Among the records below, find each line containing the word "Units" and copy it.
+++ LISTED RECORDS
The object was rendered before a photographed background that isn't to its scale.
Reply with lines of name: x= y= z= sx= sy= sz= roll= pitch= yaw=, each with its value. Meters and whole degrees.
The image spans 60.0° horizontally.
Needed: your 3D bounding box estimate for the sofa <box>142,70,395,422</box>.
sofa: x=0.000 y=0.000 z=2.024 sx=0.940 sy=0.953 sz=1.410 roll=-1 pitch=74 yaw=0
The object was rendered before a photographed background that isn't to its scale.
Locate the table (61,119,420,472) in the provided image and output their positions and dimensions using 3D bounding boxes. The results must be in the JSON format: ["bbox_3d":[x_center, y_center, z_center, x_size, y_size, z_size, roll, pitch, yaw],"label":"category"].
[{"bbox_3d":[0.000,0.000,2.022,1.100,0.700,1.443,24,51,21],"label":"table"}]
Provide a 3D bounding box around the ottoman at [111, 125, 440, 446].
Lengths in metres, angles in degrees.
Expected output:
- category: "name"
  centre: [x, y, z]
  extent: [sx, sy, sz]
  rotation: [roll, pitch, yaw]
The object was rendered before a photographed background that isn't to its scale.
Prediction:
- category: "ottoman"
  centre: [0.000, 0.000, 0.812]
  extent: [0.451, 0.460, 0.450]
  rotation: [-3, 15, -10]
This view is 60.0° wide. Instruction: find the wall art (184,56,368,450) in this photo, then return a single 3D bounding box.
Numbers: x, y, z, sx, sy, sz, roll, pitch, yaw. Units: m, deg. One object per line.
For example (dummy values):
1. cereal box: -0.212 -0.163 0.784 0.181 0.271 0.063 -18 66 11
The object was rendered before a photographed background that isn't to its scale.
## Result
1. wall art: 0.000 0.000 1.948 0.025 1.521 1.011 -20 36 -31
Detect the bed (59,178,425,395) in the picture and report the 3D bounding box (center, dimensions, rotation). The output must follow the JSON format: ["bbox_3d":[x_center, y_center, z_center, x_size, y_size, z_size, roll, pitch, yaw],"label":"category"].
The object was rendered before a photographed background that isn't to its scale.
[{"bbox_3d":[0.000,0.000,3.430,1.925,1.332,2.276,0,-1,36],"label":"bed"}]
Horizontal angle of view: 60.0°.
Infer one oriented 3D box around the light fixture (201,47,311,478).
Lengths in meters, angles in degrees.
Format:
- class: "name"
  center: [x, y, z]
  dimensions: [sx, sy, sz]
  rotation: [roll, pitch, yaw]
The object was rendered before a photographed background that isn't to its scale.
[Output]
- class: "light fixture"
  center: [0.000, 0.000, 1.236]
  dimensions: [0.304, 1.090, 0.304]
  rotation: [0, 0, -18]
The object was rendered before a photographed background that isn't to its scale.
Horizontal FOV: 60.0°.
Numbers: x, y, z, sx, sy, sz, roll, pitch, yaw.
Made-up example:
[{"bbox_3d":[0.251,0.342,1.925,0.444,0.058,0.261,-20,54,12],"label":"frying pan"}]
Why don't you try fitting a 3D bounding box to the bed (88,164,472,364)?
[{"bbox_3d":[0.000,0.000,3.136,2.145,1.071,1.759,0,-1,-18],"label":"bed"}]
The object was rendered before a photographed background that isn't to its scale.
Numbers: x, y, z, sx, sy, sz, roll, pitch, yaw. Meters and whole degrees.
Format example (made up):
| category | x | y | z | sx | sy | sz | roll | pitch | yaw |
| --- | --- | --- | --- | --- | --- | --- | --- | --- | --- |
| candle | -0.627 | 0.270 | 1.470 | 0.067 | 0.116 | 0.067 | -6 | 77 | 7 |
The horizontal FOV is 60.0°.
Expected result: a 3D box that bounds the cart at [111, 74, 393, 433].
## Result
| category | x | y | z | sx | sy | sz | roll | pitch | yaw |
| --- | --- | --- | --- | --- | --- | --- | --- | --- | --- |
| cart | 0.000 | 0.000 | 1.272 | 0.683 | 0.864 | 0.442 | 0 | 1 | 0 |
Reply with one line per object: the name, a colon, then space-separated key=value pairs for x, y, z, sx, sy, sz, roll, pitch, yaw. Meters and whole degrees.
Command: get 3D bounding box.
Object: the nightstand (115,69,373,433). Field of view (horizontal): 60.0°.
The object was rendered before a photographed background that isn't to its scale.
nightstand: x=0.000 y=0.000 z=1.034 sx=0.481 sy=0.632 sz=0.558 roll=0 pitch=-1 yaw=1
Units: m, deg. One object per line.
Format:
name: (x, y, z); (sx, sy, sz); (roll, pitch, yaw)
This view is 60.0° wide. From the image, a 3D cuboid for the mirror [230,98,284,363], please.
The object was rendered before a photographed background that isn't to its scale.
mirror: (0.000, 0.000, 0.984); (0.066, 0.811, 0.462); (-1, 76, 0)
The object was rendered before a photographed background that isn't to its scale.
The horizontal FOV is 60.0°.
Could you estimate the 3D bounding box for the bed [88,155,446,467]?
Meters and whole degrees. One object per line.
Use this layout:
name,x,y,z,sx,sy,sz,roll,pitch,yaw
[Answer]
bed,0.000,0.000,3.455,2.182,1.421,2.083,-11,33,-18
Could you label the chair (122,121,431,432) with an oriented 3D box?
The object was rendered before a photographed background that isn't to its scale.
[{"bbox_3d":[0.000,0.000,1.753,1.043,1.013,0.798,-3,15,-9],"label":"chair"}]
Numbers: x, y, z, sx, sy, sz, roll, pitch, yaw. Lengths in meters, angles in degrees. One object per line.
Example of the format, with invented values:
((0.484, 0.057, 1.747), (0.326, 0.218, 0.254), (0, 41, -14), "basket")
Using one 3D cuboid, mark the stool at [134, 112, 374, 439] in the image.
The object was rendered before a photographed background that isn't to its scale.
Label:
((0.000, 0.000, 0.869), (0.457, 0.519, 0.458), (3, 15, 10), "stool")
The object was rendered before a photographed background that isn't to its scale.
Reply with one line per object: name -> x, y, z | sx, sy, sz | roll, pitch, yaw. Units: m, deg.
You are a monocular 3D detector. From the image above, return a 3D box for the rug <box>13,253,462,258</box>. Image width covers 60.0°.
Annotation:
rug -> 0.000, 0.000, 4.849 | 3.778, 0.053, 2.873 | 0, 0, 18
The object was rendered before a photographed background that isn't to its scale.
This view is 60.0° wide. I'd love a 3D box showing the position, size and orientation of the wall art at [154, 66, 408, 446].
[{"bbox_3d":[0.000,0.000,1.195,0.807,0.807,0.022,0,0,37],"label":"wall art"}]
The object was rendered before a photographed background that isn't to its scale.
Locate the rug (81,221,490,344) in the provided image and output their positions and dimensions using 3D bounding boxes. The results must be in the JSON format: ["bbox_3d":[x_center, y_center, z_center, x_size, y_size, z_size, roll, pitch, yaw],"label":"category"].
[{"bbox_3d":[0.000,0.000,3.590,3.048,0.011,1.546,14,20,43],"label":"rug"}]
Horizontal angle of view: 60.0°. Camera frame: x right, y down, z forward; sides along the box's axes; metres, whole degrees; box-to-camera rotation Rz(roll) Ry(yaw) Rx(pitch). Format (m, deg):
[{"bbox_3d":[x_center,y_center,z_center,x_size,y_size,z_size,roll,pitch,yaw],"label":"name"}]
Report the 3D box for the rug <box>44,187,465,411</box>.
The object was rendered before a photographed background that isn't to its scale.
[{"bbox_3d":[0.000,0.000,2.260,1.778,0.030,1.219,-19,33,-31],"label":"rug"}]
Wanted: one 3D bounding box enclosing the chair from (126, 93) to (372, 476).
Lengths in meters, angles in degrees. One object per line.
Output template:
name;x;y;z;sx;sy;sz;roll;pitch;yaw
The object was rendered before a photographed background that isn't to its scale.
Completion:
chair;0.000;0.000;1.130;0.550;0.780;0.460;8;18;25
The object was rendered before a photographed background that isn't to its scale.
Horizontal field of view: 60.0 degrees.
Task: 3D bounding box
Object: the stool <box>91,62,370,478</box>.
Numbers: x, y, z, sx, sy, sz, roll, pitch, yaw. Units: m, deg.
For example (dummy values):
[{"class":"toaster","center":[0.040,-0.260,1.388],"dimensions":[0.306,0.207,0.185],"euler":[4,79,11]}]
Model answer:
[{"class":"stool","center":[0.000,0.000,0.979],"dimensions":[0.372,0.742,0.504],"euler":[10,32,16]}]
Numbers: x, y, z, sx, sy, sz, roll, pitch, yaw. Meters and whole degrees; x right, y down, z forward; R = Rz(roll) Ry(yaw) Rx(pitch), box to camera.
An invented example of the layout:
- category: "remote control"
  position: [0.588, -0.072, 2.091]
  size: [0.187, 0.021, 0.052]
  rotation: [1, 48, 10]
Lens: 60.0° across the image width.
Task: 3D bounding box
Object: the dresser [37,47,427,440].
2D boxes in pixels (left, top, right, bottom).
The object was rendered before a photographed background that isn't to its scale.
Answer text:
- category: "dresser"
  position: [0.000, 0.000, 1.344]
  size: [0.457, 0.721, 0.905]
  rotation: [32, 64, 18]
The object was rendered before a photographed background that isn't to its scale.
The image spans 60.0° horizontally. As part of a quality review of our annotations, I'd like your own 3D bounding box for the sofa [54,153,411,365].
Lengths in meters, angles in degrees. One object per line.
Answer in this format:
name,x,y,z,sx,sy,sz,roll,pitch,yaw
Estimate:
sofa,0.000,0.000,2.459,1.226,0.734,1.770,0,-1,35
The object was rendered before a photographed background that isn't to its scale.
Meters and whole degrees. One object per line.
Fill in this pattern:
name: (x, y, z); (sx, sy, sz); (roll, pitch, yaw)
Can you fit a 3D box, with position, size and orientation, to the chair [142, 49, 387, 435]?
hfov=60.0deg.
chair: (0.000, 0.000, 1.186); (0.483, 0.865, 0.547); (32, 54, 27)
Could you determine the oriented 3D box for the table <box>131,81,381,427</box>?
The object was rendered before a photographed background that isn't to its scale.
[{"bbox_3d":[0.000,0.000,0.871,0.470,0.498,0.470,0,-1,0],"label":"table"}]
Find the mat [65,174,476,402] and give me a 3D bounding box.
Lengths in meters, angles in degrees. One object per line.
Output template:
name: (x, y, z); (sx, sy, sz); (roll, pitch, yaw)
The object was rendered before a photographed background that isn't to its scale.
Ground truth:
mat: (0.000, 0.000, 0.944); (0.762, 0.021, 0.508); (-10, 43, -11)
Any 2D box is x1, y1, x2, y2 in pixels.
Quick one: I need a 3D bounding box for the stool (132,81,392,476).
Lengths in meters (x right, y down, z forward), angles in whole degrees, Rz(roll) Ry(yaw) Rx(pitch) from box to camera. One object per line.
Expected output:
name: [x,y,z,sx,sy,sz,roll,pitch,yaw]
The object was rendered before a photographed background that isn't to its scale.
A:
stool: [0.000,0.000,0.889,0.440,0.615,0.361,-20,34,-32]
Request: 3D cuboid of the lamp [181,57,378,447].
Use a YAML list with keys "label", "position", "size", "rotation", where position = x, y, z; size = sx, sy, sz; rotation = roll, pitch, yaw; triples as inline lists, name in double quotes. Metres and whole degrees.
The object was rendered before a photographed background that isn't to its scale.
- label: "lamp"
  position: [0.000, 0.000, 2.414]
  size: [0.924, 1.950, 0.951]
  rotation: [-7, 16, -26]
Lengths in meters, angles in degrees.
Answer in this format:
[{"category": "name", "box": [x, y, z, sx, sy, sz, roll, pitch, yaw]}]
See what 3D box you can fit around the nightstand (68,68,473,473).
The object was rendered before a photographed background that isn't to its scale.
++++++
#### [RESPONSE TO THIS TASK]
Numbers: x, y, z, sx, sy, sz, roll, pitch, yaw. Units: m, deg. One object per line.
Units: m, deg. One object per line.
Reply with one line per object: name -> x, y, z | sx, sy, sz | roll, pitch, yaw. Units: m, deg.
Numbers: x, y, z, sx, sy, sz, roll, pitch, yaw. Units: m, deg.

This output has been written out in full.